Porous space — biomimetic of tafoni in computational design

Abstract

Porous urban spaces not only improve interactions, but also increase natural ventilation. Weathered rocks are where porous spaces exist in nature. This paper investigates the biomimicry of tafoni, a type of weathered rock that contains pores of varying sizes. The formation of tafoni inspires architectural design, but its complex shape makes manual modeling challenging. The objective of studying the biomimetics of tafoni is to apply its benefits to design applications. Using biomimetic techniques, computation algorithms for tafoni morphogenesis are developed. This paper investigates the inherent characteristics of tafoni and reclassifies them based on architectural geometric elements. It then describes the reclassified tafoni and explains the formation process. This paper develops a 3D evolutionary algorithm and a 2.5D descriptive algorithm based on diagrams.
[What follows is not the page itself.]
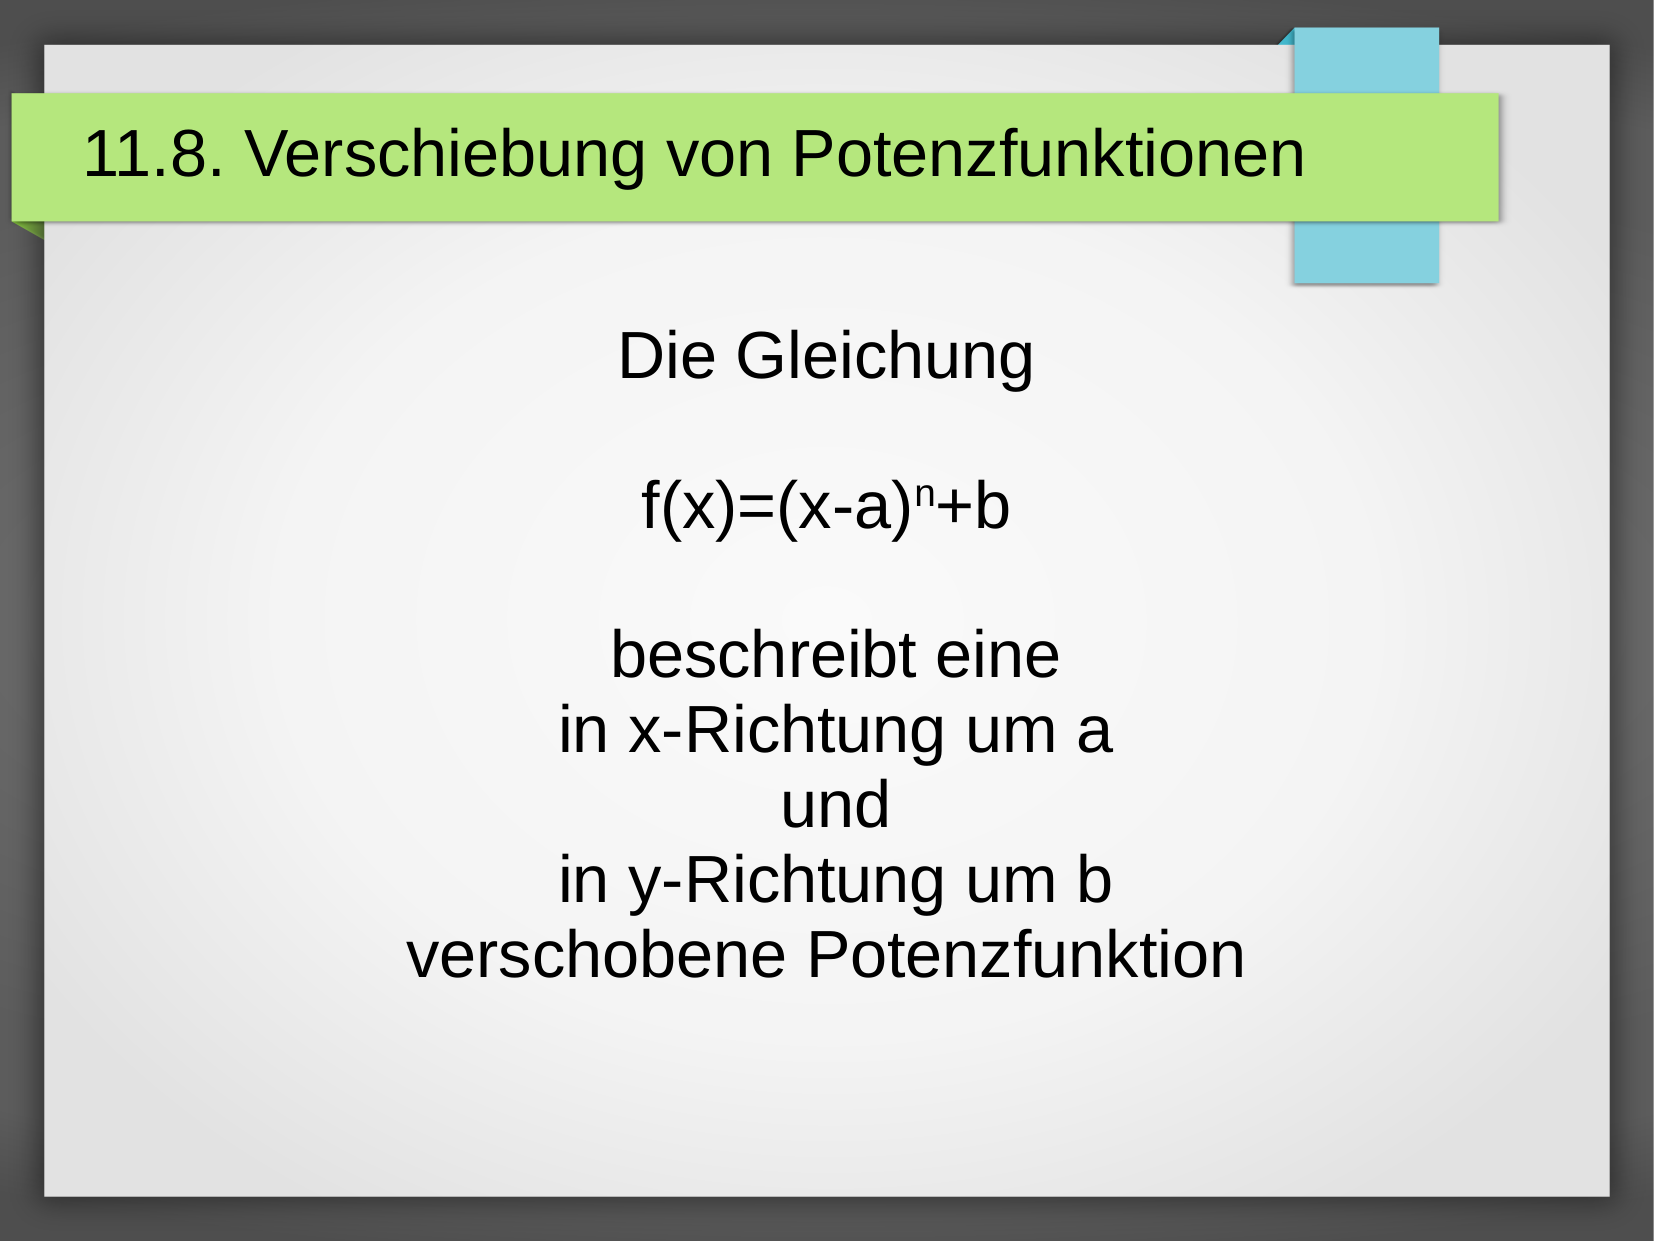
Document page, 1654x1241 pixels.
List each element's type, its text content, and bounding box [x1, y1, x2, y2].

After a comparison, the 2.5D algorithm is chosen because it is more controllable and operable for computational design. This paper also conducts experiments on the results obtained by the 2.5D algorithm to demonstrate its adaptability and architectural design application potential, as well as its application schemes in various design disciplines, including urban planning, architectural design, and landscape design. This paper proposes an algorithm that can be utilized in various fields of computational design. It is computationally efficient while retaining its biological form.